Below are records with pictures in them. Output exactly the lines from the one with "Profit<fcel>Income from Continuing<fcel>Net" through the one with "Does Light Coral have the minimum", both included, and leave every picture out; give only those lines.

[SUPPLIED RECORDS Boundary: Start]

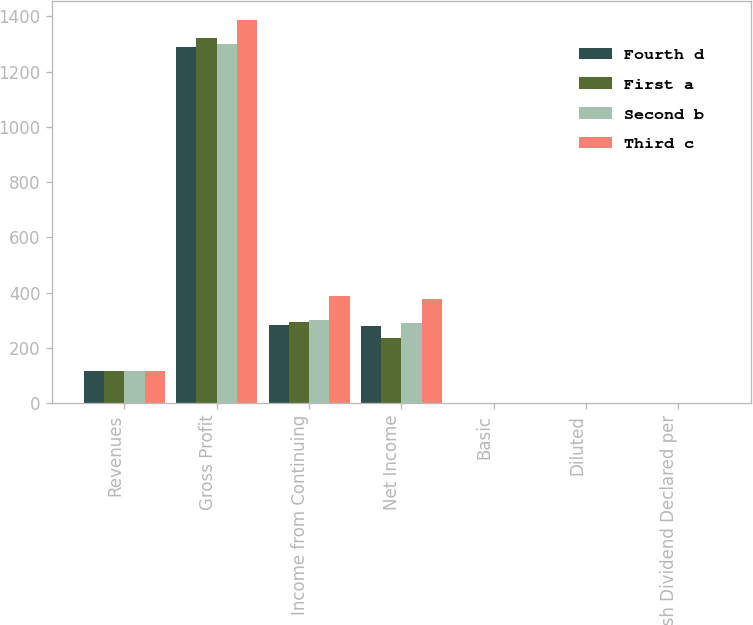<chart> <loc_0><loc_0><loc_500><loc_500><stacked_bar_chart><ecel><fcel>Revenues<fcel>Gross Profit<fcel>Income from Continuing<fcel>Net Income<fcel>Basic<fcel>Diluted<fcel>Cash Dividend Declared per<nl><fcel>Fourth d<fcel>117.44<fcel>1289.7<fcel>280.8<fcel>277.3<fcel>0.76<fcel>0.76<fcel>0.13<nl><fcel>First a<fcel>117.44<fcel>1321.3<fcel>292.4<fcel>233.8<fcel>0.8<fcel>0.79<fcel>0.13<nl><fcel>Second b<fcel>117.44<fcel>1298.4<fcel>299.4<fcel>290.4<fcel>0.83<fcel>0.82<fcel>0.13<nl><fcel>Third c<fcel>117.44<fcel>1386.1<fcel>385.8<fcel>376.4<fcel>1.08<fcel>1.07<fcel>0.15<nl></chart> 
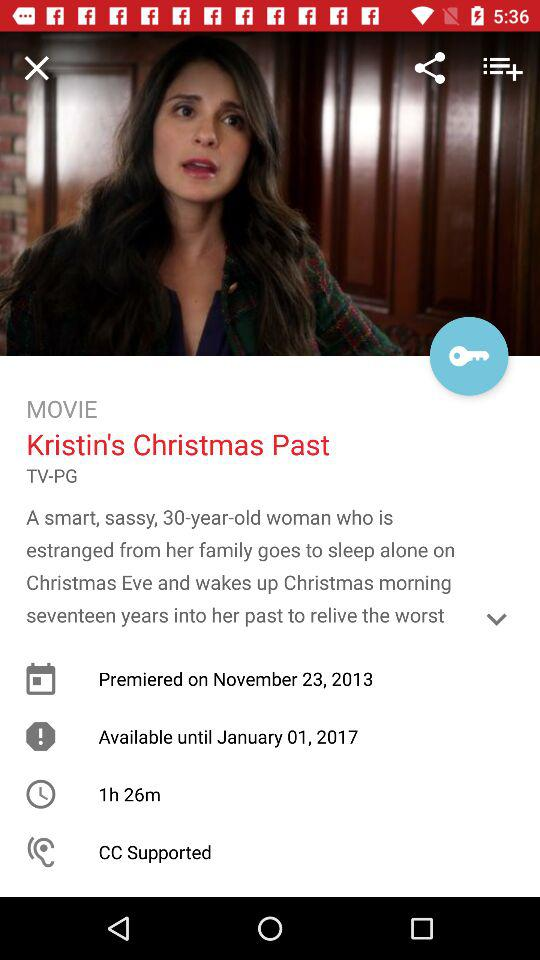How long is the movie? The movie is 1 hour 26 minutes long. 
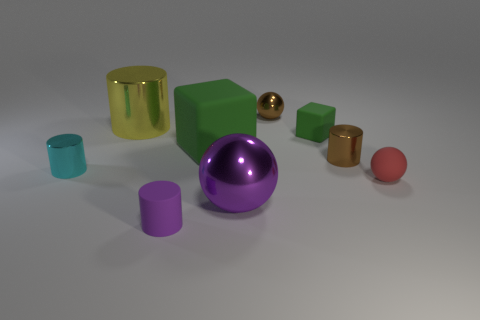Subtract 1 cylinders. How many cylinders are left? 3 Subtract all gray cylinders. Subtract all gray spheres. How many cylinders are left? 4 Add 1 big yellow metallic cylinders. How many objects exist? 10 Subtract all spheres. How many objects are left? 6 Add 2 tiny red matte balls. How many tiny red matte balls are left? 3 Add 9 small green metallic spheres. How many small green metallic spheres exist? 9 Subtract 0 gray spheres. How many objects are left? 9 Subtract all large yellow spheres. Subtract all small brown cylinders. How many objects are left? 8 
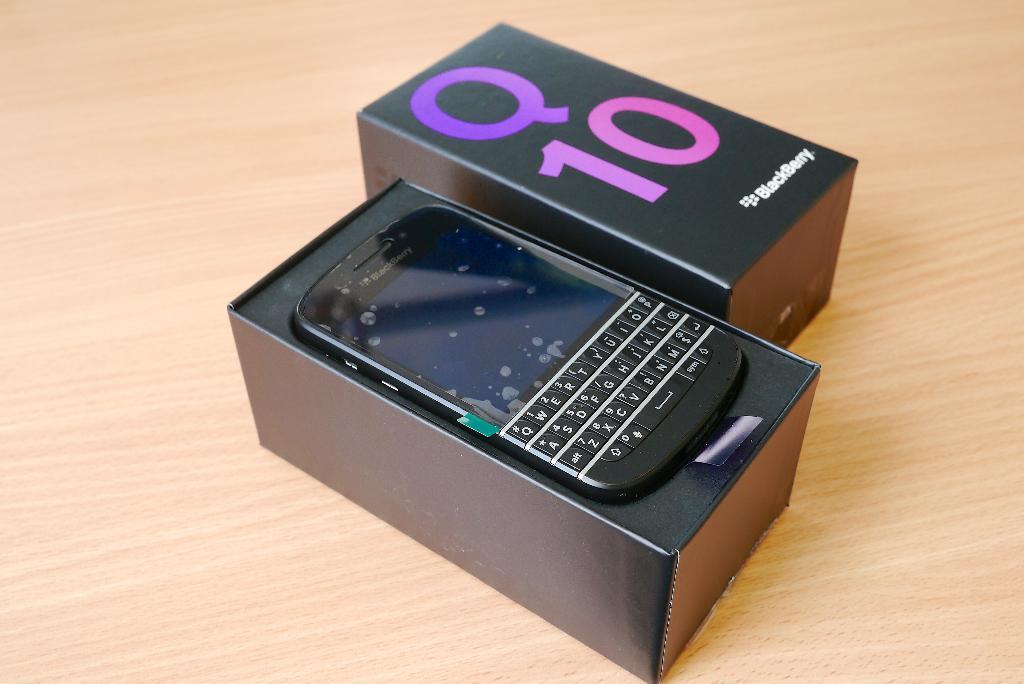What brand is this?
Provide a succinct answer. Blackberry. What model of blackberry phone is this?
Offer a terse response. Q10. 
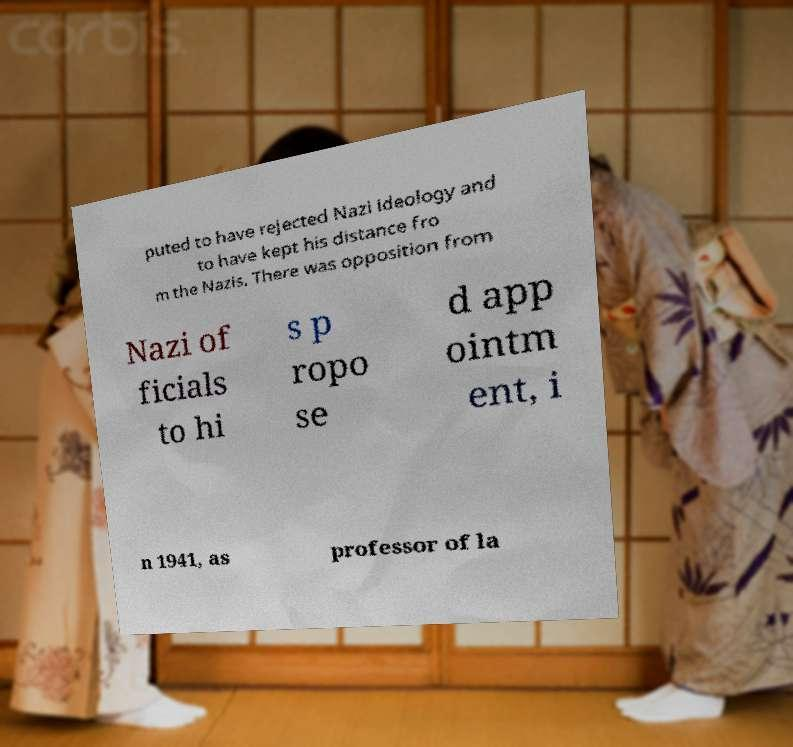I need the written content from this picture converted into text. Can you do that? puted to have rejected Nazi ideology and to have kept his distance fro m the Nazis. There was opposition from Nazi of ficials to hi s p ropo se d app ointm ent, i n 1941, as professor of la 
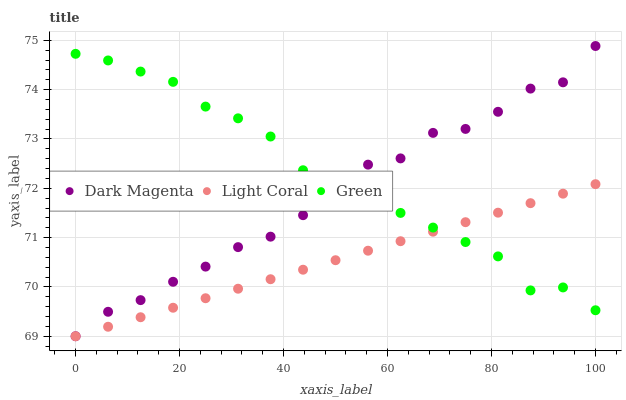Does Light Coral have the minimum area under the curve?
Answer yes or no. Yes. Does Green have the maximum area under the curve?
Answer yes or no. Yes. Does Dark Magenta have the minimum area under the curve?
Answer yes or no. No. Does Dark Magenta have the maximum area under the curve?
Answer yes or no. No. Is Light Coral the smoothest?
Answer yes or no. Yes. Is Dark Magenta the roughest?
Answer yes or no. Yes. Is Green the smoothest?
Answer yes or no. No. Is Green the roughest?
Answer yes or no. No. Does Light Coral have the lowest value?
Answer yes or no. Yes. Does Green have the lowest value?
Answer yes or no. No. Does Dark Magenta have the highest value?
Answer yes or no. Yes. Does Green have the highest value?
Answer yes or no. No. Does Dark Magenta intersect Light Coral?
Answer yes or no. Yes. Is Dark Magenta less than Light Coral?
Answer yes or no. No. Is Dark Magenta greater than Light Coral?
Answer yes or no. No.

[SUPPLIED RECORDS Boundary: End]
[SUPPLIED RECORDS Boundary: Start]

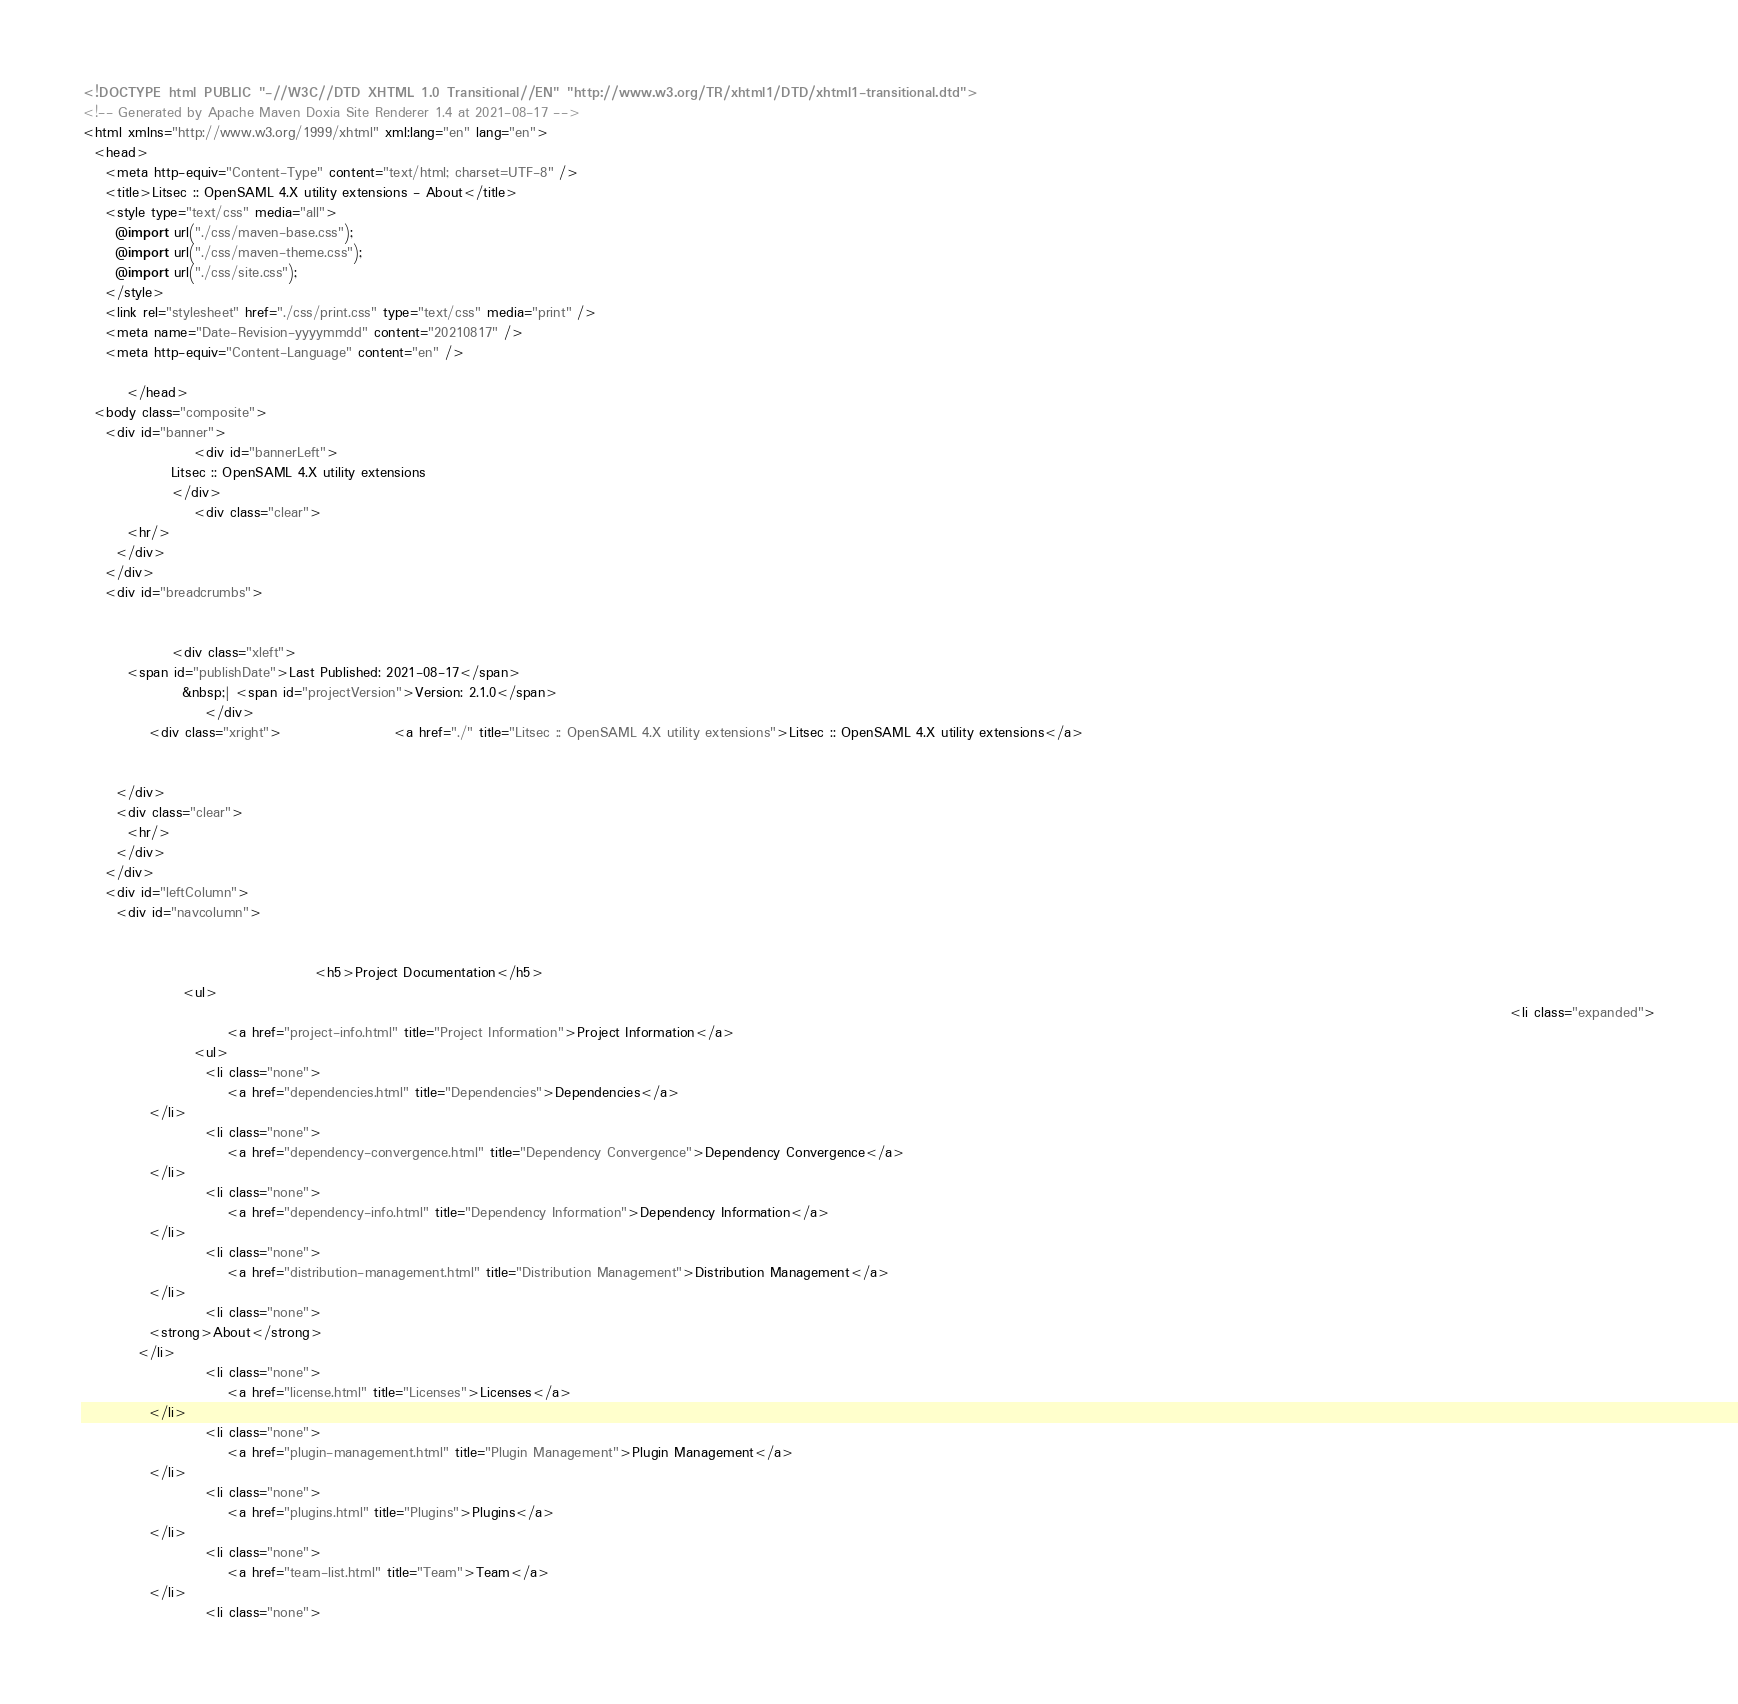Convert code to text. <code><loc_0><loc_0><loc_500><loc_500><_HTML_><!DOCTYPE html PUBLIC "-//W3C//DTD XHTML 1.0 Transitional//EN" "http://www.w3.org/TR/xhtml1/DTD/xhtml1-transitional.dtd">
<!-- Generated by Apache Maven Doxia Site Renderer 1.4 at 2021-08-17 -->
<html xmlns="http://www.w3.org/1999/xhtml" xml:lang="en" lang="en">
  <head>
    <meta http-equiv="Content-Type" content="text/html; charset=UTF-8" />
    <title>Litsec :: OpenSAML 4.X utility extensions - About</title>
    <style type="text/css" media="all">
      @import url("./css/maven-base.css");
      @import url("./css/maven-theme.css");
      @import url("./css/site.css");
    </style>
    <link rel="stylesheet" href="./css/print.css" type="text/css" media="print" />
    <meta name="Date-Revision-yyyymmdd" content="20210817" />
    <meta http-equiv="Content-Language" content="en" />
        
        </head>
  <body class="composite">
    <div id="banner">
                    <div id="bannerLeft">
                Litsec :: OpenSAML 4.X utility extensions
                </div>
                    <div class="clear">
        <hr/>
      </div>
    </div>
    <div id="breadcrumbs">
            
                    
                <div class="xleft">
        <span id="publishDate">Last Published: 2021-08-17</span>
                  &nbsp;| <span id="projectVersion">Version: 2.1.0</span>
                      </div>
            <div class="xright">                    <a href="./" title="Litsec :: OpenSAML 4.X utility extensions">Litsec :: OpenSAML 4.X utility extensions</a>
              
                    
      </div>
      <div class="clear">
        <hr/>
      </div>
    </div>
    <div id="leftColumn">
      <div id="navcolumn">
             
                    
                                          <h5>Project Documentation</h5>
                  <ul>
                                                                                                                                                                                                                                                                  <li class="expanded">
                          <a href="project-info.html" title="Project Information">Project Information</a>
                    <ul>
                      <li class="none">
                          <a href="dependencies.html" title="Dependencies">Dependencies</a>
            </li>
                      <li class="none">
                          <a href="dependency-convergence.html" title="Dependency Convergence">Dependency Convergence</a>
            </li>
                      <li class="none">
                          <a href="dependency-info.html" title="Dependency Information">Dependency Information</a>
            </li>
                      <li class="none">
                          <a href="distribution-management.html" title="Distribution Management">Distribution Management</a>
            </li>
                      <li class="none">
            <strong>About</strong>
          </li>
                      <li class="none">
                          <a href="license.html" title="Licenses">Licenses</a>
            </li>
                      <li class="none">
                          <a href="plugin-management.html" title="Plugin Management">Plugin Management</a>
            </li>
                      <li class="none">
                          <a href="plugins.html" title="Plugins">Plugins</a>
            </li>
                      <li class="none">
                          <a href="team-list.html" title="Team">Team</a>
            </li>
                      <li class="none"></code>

[SUPPLIED RECORDS Boundary: End]

[EXERCISE RESULT]:
<chart> <loc_0><loc_0><loc_500><loc_500><stacked_bar_chart><ecel><fcel>Revenues<fcel>Gross Profit<fcel>Income from Continuing<fcel>Net Income<fcel>Basic<fcel>Diluted<fcel>Cash Dividend Declared per<nl><fcel>Fourth d<fcel>117.44<fcel>1289.7<fcel>280.8<fcel>277.3<fcel>0.76<fcel>0.76<fcel>0.13<nl><fcel>First a<fcel>117.44<fcel>1321.3<fcel>292.4<fcel>233.8<fcel>0.8<fcel>0.79<fcel>0.13<nl><fcel>Second b<fcel>117.44<fcel>1298.4<fcel>299.4<fcel>290.4<fcel>0.83<fcel>0.82<fcel>0.13<nl><fcel>Third c<fcel>117.44<fcel>1386.1<fcel>385.8<fcel>376.4<fcel>1.08<fcel>1.07<fcel>0.15<nl></chart> 
How long is the movie? The movie is 1 hour 26 minutes long. 
Subtract 1 cylinders. How many cylinders are left? 3 Subtract all gray cylinders. Subtract all gray spheres. How many cylinders are left? 4 Add 1 big yellow metallic cylinders. How many objects exist? 10 Subtract all spheres. How many objects are left? 6 Add 2 tiny red matte balls. How many tiny red matte balls are left? 3 Add 9 small green metallic spheres. How many small green metallic spheres exist? 9 Subtract 0 gray spheres. How many objects are left? 9 Subtract all large yellow spheres. Subtract all small brown cylinders. How many objects are left? 8 
What brand is this?
Provide a succinct answer. Blackberry. What model of blackberry phone is this?
Offer a terse response. Q10. 
I need the written content from this picture converted into text. Can you do that? puted to have rejected Nazi ideology and to have kept his distance fro m the Nazis. There was opposition from Nazi of ficials to hi s p ropo se d app ointm ent, i n 1941, as professor of la 
Does Light Coral have the minimum area under the curve?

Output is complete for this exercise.